Walking is such an underrated, essential activity, don’t you think? Nothing could give you a better perspective as a tourist than a comprehensive walking tour, taking in the sights and sounds of a new town or region. Except for perhaps a helicopter!
Walking Tour: See For Yourself
Recently, we were inspired to investigate the surrounds of Hobart’s Railway Roundabout, thanks to Judi Adams of Lumin8 Hobart fame. The recently renovated fountain in the centre of the roundabout has been shining pink throughout October for Breast Cancer Awareness month, during which a community tribute event was staged. We’re loathe to even mention the poorly-timed and totally senseless vandalism of the site, so we’ll commend the hard work of the contractors to make things right again.

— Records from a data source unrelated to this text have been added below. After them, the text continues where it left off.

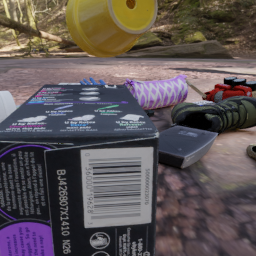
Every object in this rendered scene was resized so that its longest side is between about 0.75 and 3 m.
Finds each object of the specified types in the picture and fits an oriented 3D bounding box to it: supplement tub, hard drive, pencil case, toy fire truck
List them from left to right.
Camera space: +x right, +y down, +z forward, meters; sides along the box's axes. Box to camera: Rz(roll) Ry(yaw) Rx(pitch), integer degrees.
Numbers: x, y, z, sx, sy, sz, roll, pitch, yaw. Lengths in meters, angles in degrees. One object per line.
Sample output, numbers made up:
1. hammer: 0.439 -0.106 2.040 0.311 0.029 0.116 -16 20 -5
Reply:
1. supplement tub: -3.513 -0.026 5.906 2.091 1.379 1.379 -13 21 -32
2. pencil case: 0.997 -1.358 10.580 2.820 1.206 1.184 -11 25 -35
3. hard drive: 1.182 0.378 6.294 1.206 0.379 1.789 12 21 34
4. toy fire truck: 3.399 -1.238 10.274 2.228 1.434 1.961 -15 21 -11

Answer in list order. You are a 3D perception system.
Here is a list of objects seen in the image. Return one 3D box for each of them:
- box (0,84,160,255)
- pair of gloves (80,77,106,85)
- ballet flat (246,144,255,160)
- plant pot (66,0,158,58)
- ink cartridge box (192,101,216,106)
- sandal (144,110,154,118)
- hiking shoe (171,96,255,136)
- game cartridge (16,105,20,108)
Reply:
1. box: -0.591 0.430 3.798 1.489 1.716 2.808 -1 18 -7
2. pair of gloves: -1.657 -1.313 10.723 2.212 0.252 1.778 -27 46 -30
3. ballet flat: 2.784 0.569 5.765 0.468 0.322 1.389 3 17 10
4. plant pot: -0.336 -3.070 7.488 2.170 2.170 2.041 -9 11 -27
5. ink cartridge box: 2.492 -0.719 10.026 1.390 0.307 0.654 -11 19 -32
6. sandal: 0.479 -0.478 9.169 0.539 0.343 1.434 6 18 18
7. hiking shoe: 2.463 -0.174 7.453 2.640 1.000 1.329 -5 24 14
8. game cartridge: -3.626 -0.598 9.780 0.860 0.261 1.290 -7 18 -33

The environment around the busy intersection reveals many interesting attractions and much history of Hobart. Walking is definitely the best way to uncover these local treasures. Heading towards the Hobart Aquatic Centre via an underpass from the fountain, will lead you to a beautiful rose garden on Aberdeen Street. The trees are heavy with blossom right now, also a gorgeous pink colour. The park is a tranquil resting place, despite the traffic heading to and from the CBD.
Time to Smell the Roses
Behind the rose garden stands a beautiful heritage building. Unfortunately, our self-guided walking tour left us with many unanswered questions about the property. We have a vague jumble of concepts surrounding Philip Thomas Smith (1800-1880) and a training college opened in his name in January 1911. We’re thinking the centre may be still used for adult education purposes (although we have an inkling there’s some sort of UTAS School of Nursing nearby); Domain House was originally the main University of Tasmania site. Apparently it was also the Hobart Town High School before the University was established. We’re going to pop our curiosity to one side about all that for another day!
If you pause your walking journey at the top of the Hobart Aquatic Centre carpark, you’ll be rewarded with expansive views of the CBD and the River Derwent. Over the tin roof of the indoor heated swimming pools, the observant eye can pinpoint the Wrest Point Casino at Sandy Bay, coincidentally near the current University of Tasmania campus.
For another walking experience, visitors can follow the Soldiers Memorial Avenue on Hobart’s Queens Domain. The avenue was renamed the Soldiers Walk in the 1980s and begins at the junction of Aberdeen Street and the Tasman Highway next to the Aquatic Centre. 520 trees were originally planted in 1918 and 1919 to commemorate the Tasmanian soldiers who lost their life in World War I.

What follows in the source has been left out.